Selon ce que nous avons dit, il est maintenant possible de comprendre et d'expliquer pourquoi dans Ragnarök, qui nie le culte et la servitude, dénonce la similitude entre Dieu et Satan et parle de la rébellion contre Dieu-Satan, il y a aussi un poème comme « Pourtant » ; un poème où le sens de « doute » s’est caché dans son titre :

 

(…)

 

Dieu pardonne-moi

accueille-moi

laisse-moi aller dans ton sein

tu es dit miséricordieux

et je m’y accroche

que d’autre puis-je faire

moi petite fille perdue

dans la zoo-jungle (p. 55)

 

La poétesse désigne également le Dieu « sauveur » qui exprime sa compréhension nette du sens et de la signification du concept fondamental de « salut » :

 

(…)

chacun sait tout sur son Dieu puisqu’il en est l’image

et que son Dieu est son témoin son rocher son sauveur (p. 22-23)

 

La croyance en Dieu et par la suite, la foi en la vie éternelle et en l’éternité qui se conceptualise sous la forme de l'idée de « salut », pourraient répondre au besoin psychologique fondamental d’« immortalité », mais cela ne pourra jamais résoudre l’incapacité inhérente de l’homme à dépasser la finitude de son être. Le « doute » naît de la compréhension de la finitude insoluble de l’être humain. Tenir la mort pour vraie est la certitude de l’être-au-monde et le doute se développe dans cette certitude même.

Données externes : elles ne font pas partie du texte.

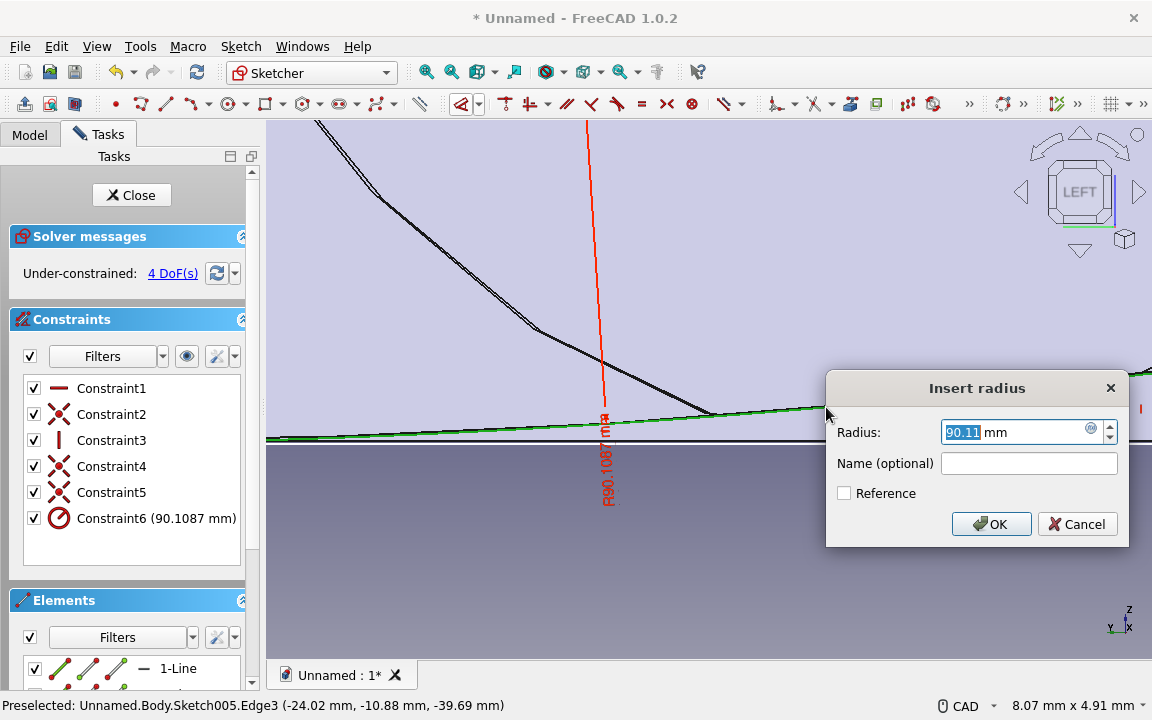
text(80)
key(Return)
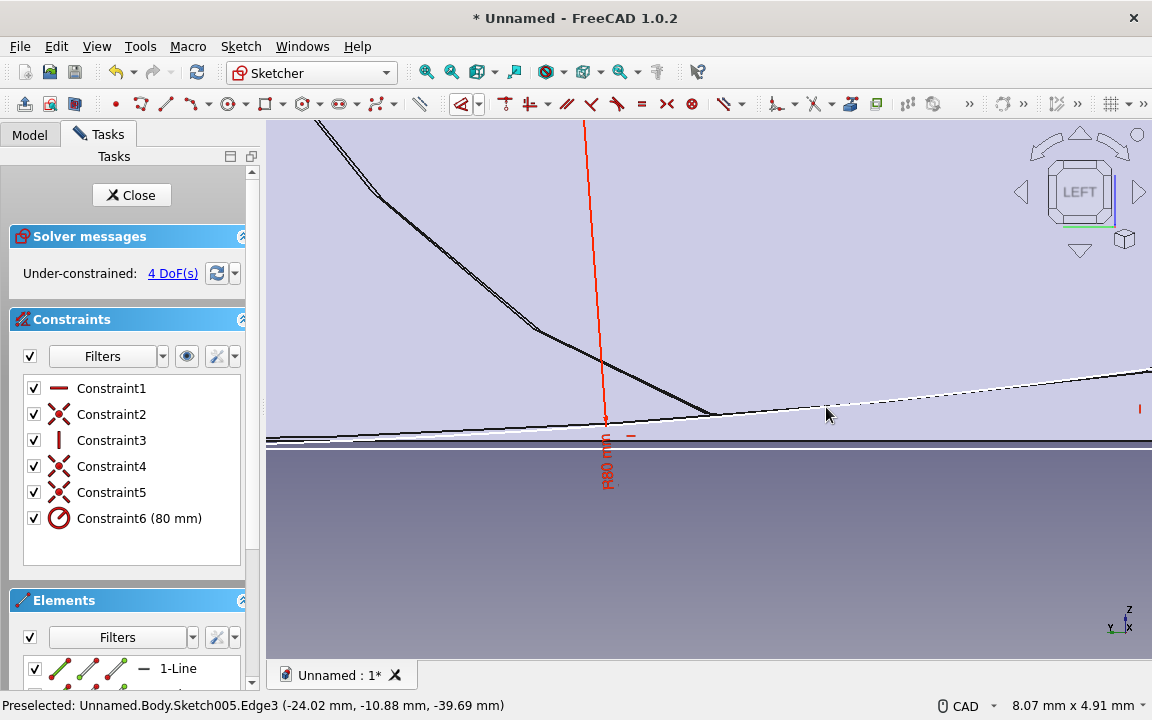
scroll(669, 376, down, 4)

Et tout cela signifie que la certitude « est » uniquement parce que et dans la mesure où le doute « est ». La certitude et le doute sont en quelque sorte co-originaires, à savoir qu’ils sont corrélatifs. « La certitude » et « le doute » sont deux concepts qui appartiennent l’un à l’autre et il existe une unité organique ou une relation dialectique entre eux. Ils sont, en tant qu’un tout unitaire, deux « moments » d’un seul phénomène à savoir l’être-au-monde de l’homme.

Non seulement « les moments » ne sont pas des parcelles séparés et disjonctifs qu’on devrait collecter et rassembler plus tard par une sorte de collecte, mais leur être et les relations entre eux ne sont possibles que dans un tout unitaire. La certitude et le doute comme deux » moments » doivent toujours être considérés comme un tout.

Par voie de conséquence, Ragnarök de Dana Shishmanian aborde des questions qui appartiennent à la vie sociale réelle de l’homme. La poétesse a profondément exploré ces questions. Ses trouvailles dans Ragnarök sont des directives transparentes pour enquêter. Cette œuvre incite à la lecture, à la réflexion et à la compréhension. Ragnarök ouvre une voie à l’aide de laquelle nous pouvons formuler notre question sur « l'idée de Dieu » et essayer de méditer sur cette idée.

 

© Saghi FarahmandpourHamidreza Zakaria

 

(*)

 

Je m’appelle Saghi FARAHMANDPOUR. Je suis née en février 1981 à Téhéran, en Iran. Tout mon enseignement universitaire avaient été en discipline de la langue et de la littérature française et j’ai le doctorat ès lettres françaises. J’ai fait des recherches dans le cours de la maîtrise sur la réalité dans la diégèse. Ma thèse de doctorat est l’interprétation des poèmes d'Alfred De Vigny basée sur l’herméneutique phénoménologique de Heidegger. Maintenant, je suis poétesse et j’écris de la poésie en persan et en français ; je fais également de la traduction et de l'interprétation littéraire.

 

Je m’appelle Hamidreza ZAKARIA. Je suis né en mai 1976 à Téhéran, en Iran. Tout mon enseignement universitaire avait été en discipline de l’histoire et j’ai le doctorat en histoire. J’ai fait des recherches dans le cours de la maîtrise sur l'histoire de l'Empire Ottoman au début du XIXe siècle. Ma thèse de doctorat porte sur le concept d'historicité chez Heidegger et l'ontologie de l'historiographie. J’ai enseigné l’histoire pendant dix ans et je suis maintenant chercheur d'histoire et de philosophie. Je connais les langues anglaise et turque. Je fais actuellement des recherches sur la vision du monde islamique et sur l’histoire de l’exégèse du Coran en Turquie.